# Echo Cs 400 Mods



## Nicutmafia (Jan 24, 2015)

Hey guys I'm new to this site but what better site to get chainsaw wisdom than arboristsite? Hello from Oklahoma. 
I just acquired an almost new CS 400 today for $150. This thing looks like it may have been used to cut a few limbs. It's my 1st Echo as I usually buy Stihl saws. I have 2 questions about the Echo. I hear that they are set really lean from the factory and that the mufflers really choke the saw down. I know that there are mods that you can do for the muffler and remove the limiter caps and retune. Can someone please fill a new guy in on these modifications and maybe someone has written something up with pictures on the muffler mod. Thanks and all information will be greatly appreciated.....


----------



## RedFir Down (Jan 24, 2015)

Congrats on your cs-400 score!
Yes they normally do come lean from the factory.
Here is how I muffler mod them.
I found using a 7/8" whole saw bit get rid of the CAT in a hurry. 




Next open up the outlet...




Then open up the deflector...




Do all the grinding with the muffler removed from the saw and make sure to get ALL the filings out before putting the muffler back on (I wash mine out with hot soapy water)

As for the carb limiters... If your not familiar with removing them I suggest you take the carb off first. Then you will see the red caps have 2 tabs. Line them up with the cut outs on the carb body, thread a sheet rock screw a turn or so into the limiter and pull out with some pliers. Trim the tabs off the limiters and push them back on. 

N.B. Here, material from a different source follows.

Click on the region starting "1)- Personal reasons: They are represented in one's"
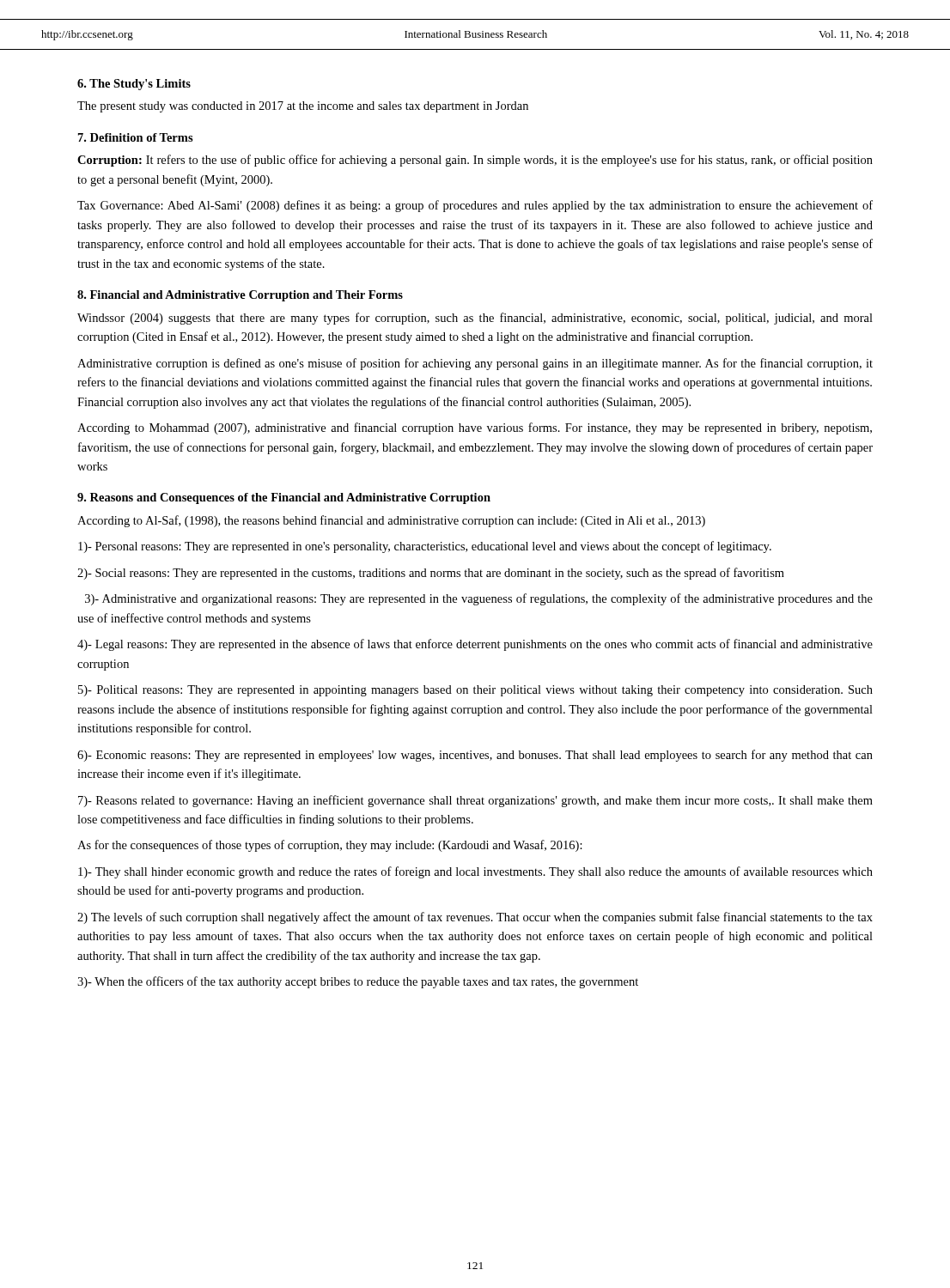 coord(425,546)

This should give you a good start. 
Are you familiar with tuning a saw?


----------



## Rokon (Jan 25, 2015)

The best mod for a cs-400 is to keep the chain sharp. IMO that's one of Echo's best late model home owner saws.

A clean, used cs-400 STOCK on Craigslist worth 100-150. Modded cs-400, less than 100.


----------



## jrs_diesel (Jan 25, 2015)

I bought one last fall and am impressed how well it cuts in stock form. Mine came with Oregon 91PX on it, and from what I read here, a muffler mod and Oregon 91VXL (non-safety chain) really makes the CS-400 come alive. I have not modded mine yet beyond adjusting the carb more rich than factory settings (want to keep the warranty).


----------



## Chris-PA (Jan 25, 2015)

jrs_diesel said:


> I bought one last fall and am impressed how well it cuts in stock form. Mine came with Oregon 91PX on it, and from what I read here, a muffler mod and Oregon 91VXL (non-safety chain) really makes the CS-400 come alive. I have not modded mine yet beyond adjusting the carb more rich than factory settings (want to keep the warranty).


I have a lot of lo pro chain, and I'd put my money on the 91PX for speed. Those ramped drive links don't get in the way at all, and the chamfer chisel cutters on the 91PX are fast if properly sharpened. The biggest problem is the cutters are short so it's a poor value.


----------



## Nicutmafia (Jan 25, 2015)

Will they remove the limiter caps and tune at the dealer? I have an Echo dealer within 10 miles? Is there a muffler swap that can be done to accomplish the same thing as the muffler mod? Thanks for all the great information by the way.


----------



## RedFir Down (Jan 25, 2015)

Nicutmafia said:


> Will they remove the limiter caps and tune at the dealer? I have an Echo dealer within 10 miles? Is there a muffler swap that can be done to accomplish the same thing as the muffler mod? Thanks for all the great information by the way.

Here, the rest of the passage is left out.